Einen großen Einfluß darauf hat dabei die jahrelange Auseinandersetzung des Autors mit dem Buddhismus gehabt. Der Titel des Buches verweist gewissermaßen darauf.
Im Buddhismus wird das erlebende Bewustsein mit einem Spiegel verglichen und die Bilder darin mit unseren inneren Erlebnissen, sowie den scheinbar äußeren Erscheinungen. Es geht darum, die Perspektive zu wechseln: die Strahlkraft des Spiegels hinter und zwischen den Bildern als das eigentlich Wirkliche erfahren zu wollen. Nicht die Erlebnisse sind das entscheidende, sondern der Erleber. In diesem Zusammenhang sind diese Gedichte zu verstehen, nicht das Benannte an sich ist wichtig, sondern worauf es hinweist.
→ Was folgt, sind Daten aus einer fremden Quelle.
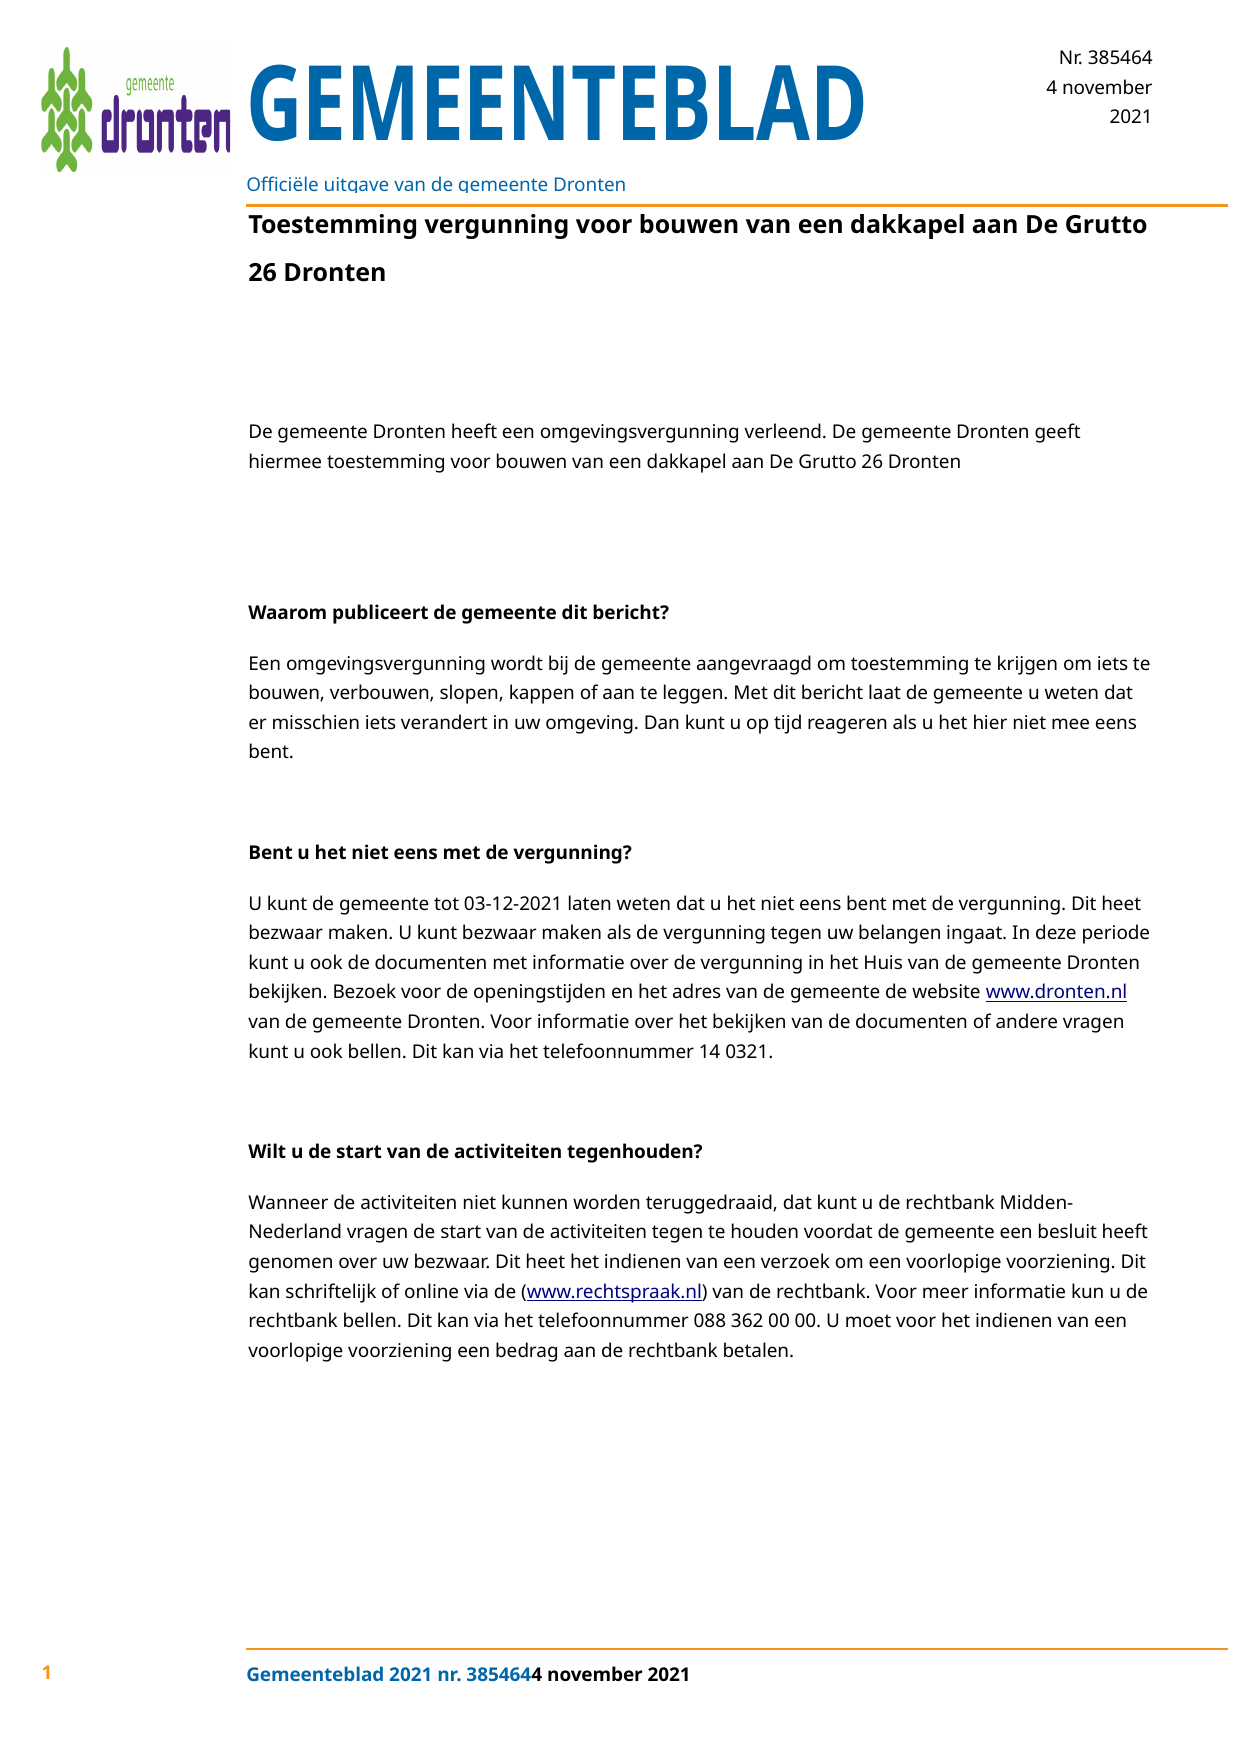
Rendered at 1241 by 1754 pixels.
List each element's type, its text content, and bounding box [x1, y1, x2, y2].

Giuseppe Ungaretti, der große Erneuerer der italienischen Lyrik, hat einmal auf die Frage, wie er sich denn literaturgeschichtlich einschätzen würde, geantwortet, das könne er nicht sagen, er wisse nur, was er geliebt, erlebt und gelitten habe. Diese Deckungsgleichheit von Dichtung und Leben ist neben dem beschriebenen, angedeuteten buddhistischen Hintergrund das literarische Leitbild und der Anspruch dieser poetischen Selbst- und Daseinsbespiegelung.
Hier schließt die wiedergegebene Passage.